- Exercise -
Each entry below is to be given again word for word, with no pictures.
[Start of section]
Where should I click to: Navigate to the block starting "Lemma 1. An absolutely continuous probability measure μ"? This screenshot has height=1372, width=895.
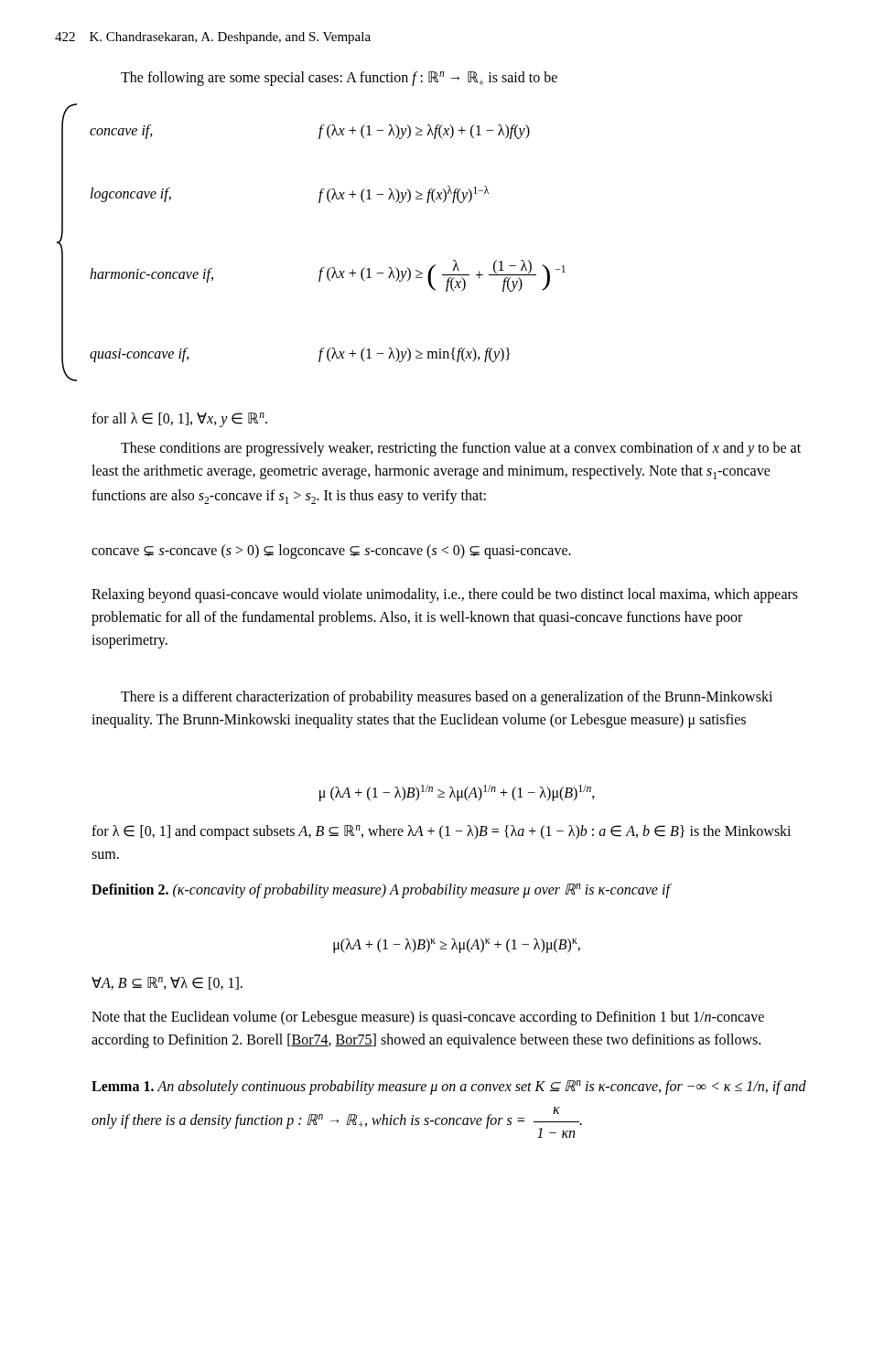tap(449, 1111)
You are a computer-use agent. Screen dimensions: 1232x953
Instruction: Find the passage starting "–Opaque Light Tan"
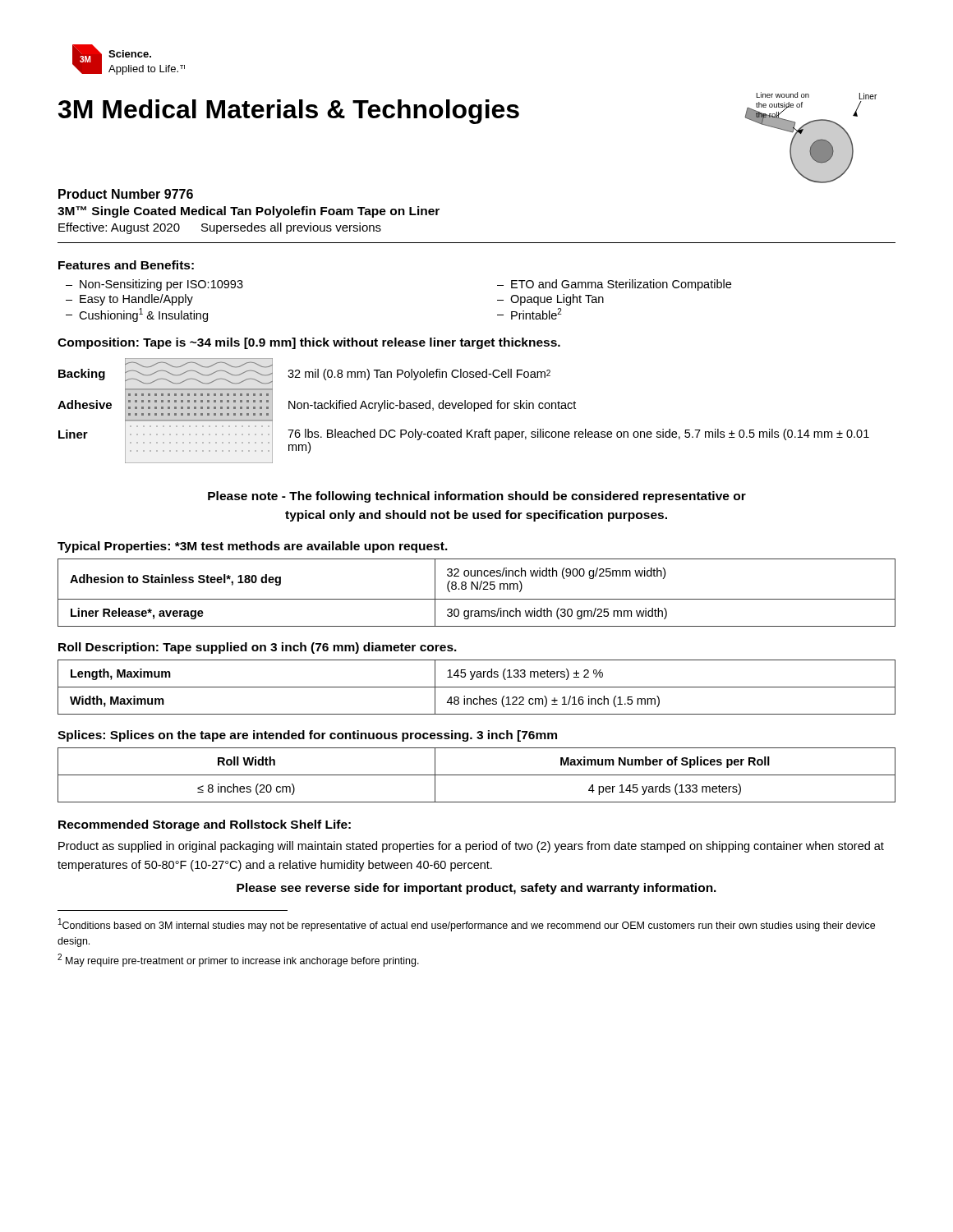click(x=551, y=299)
[End of section]
- Your solution -
Where should I click to: Navigate to the block starting "Lemma 1. An absolutely continuous probability measure μ"? This screenshot has height=1372, width=895.
tap(449, 1111)
You are a computer-use agent. Screen dimensions: 1232x953
Instruction: Find the passage starting "–Opaque Light Tan"
click(x=551, y=299)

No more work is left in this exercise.